[[ SUPPLIED INFORMATION, beginning ]]
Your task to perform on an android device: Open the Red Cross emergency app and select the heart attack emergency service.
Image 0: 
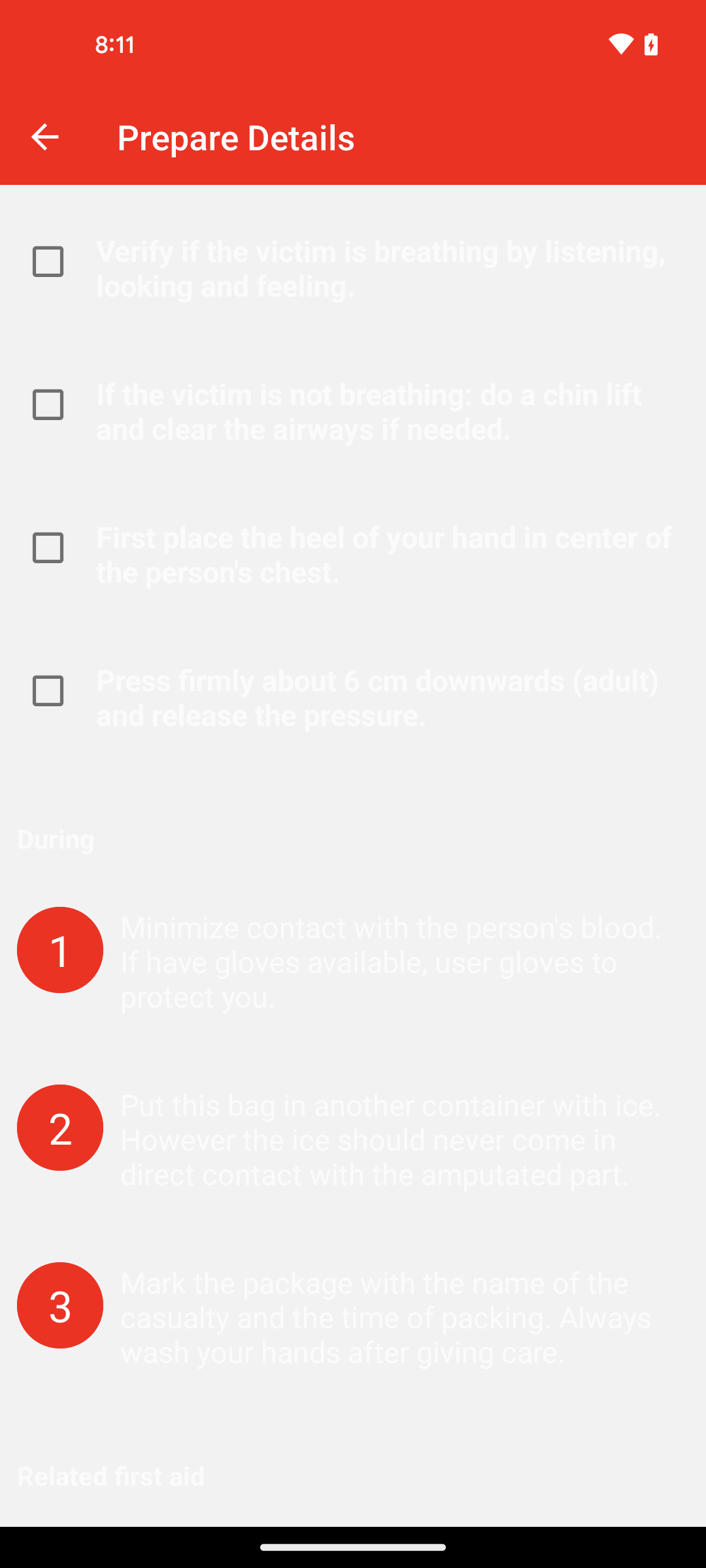
Go back to the previous page
Step 0: press back button
Image 1: 
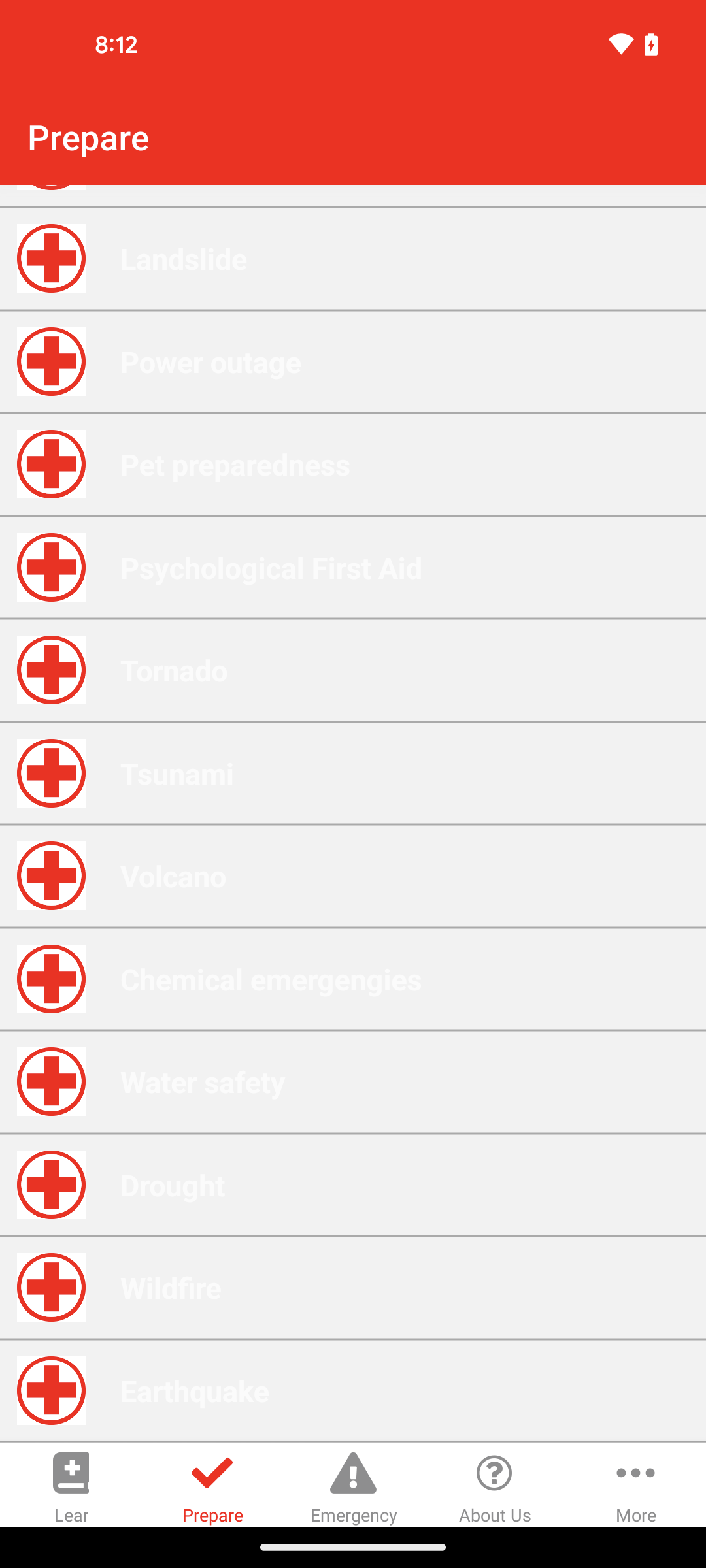
Tap on the emergency option
Step 1: click (353, 1472)
Image 2: 
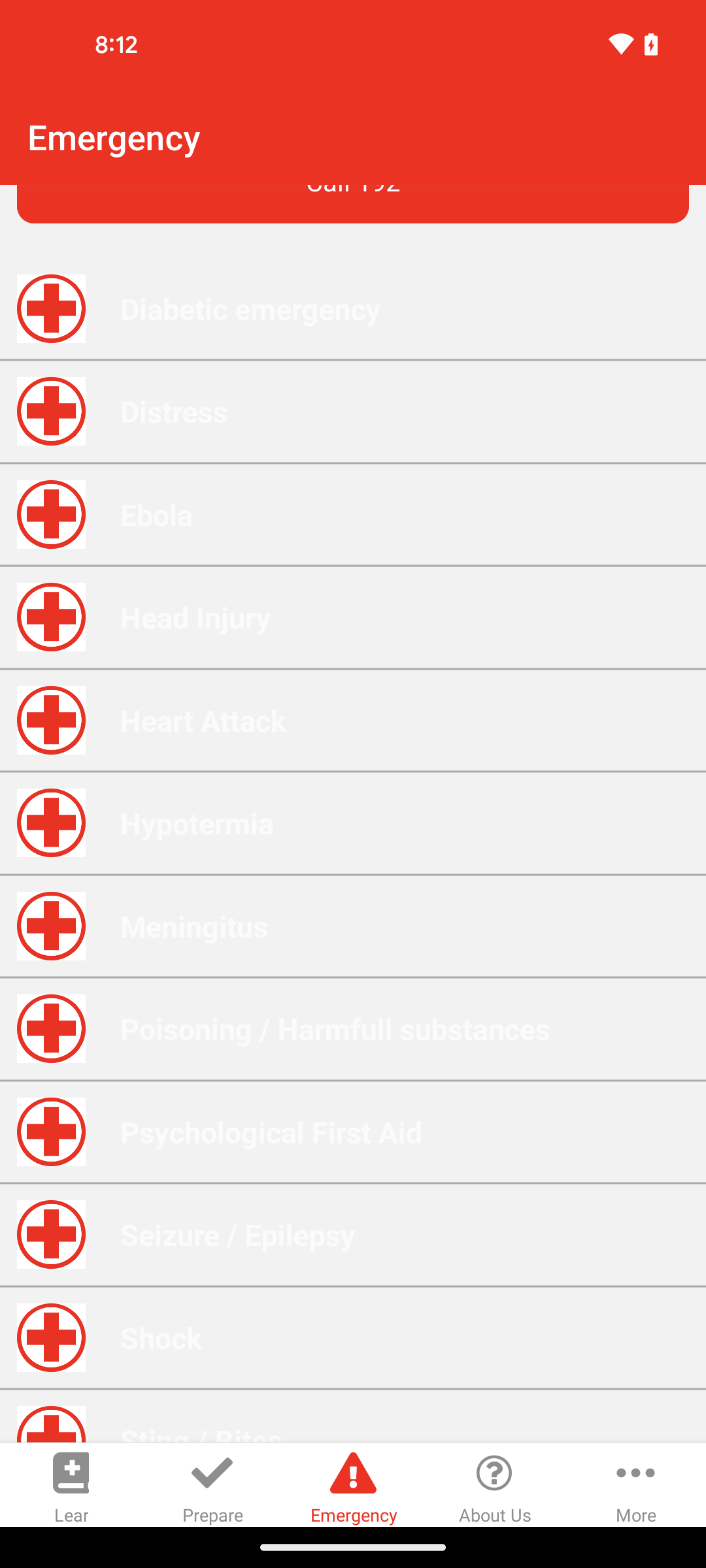
Select the heart attack services
Step 2: click (353, 721)
[[ SUPPLIED INFORMATION, end ]]
TASK PROMPT:
With the pictures removed, return the listing above in its exact original wording.

RESPONSE:
Your task to perform on an android device: Open the Red Cross emergency app and select the heart attack emergency service.
Image 0: 
Go back to the previous page
Step 0: press back button
Image 1: 
Tap on the emergency option
Step 1: click (353, 1472)
Image 2: 
Select the heart attack services
Step 2: click (353, 721)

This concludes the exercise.